Nexera Robotics was founded in 2021 in North Vancouver and raised $4.5 million in 2025 from BDC Capital’s Industrial Innovation Venture Fund and other investors, as reported by Techcouver. The acquisition terms were not disclosed. The full Nexera team and leadership will join Locus Robotics to accelerate integration of NeuraGrasp into the Locus Array platform.

What We Don’t Know

  • The financial terms of the acquisition were not disclosed by either company.
  • The precise timeline for when NeuraGrasp will be available in live customer deployments beyond “the coming months” has not been specified.
  • Locus has not disclosed which specific SKU types or retail categories will benefit first from NeuraGrasp integration.
  • It is unclear whether NeuraGrasp will be available across all of Locus Robotics’ existing product lines or only on the Locus Array platform.

Analysis

The acquisition follows a recognizable pattern in warehouse automation: a smaller company makes a targeted technical breakthrough in a hard problem — in this case, adaptive grasping of irregular goods — and a larger platform player acquires it rather than building from scratch. For Locus, the deal addresses one of the most significant unresolved gaps in autonomous warehouse fulfillment: the so-called “long tail” of SKUs that are too irregular, soft, or delicate for conventional vacuum-cup or rigid-jaw grippers.

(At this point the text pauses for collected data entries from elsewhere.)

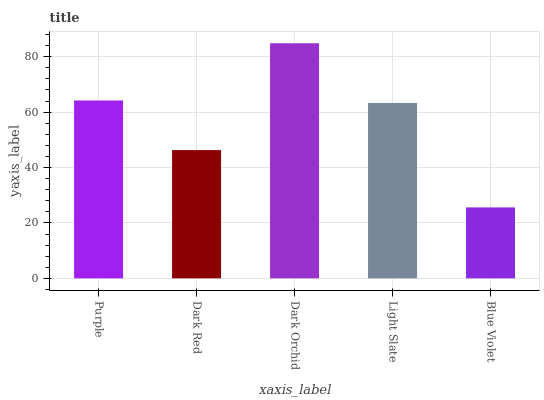Is Blue Violet the minimum?
Answer yes or no. Yes. Is Dark Orchid the maximum?
Answer yes or no. Yes. Is Dark Red the minimum?
Answer yes or no. No. Is Dark Red the maximum?
Answer yes or no. No. Is Purple greater than Dark Red?
Answer yes or no. Yes. Is Dark Red less than Purple?
Answer yes or no. Yes. Is Dark Red greater than Purple?
Answer yes or no. No. Is Purple less than Dark Red?
Answer yes or no. No. Is Light Slate the high median?
Answer yes or no. Yes. Is Light Slate the low median?
Answer yes or no. Yes. Is Dark Red the high median?
Answer yes or no. No. Is Purple the low median?
Answer yes or no. No.

Locus Array’s launch earlier this year positioned the company as a “Robots-to-Goods” fulfillment system, as Robotics and Automation News described it. Adding NeuraGrasp’s 90 to 100 percent SKU coverage claim, if borne out in production, would represent a substantial broadening of that system’s commercial applicability — particularly in e-commerce and apparel fulfillment, where irregular and soft-packaged goods dominate order profiles.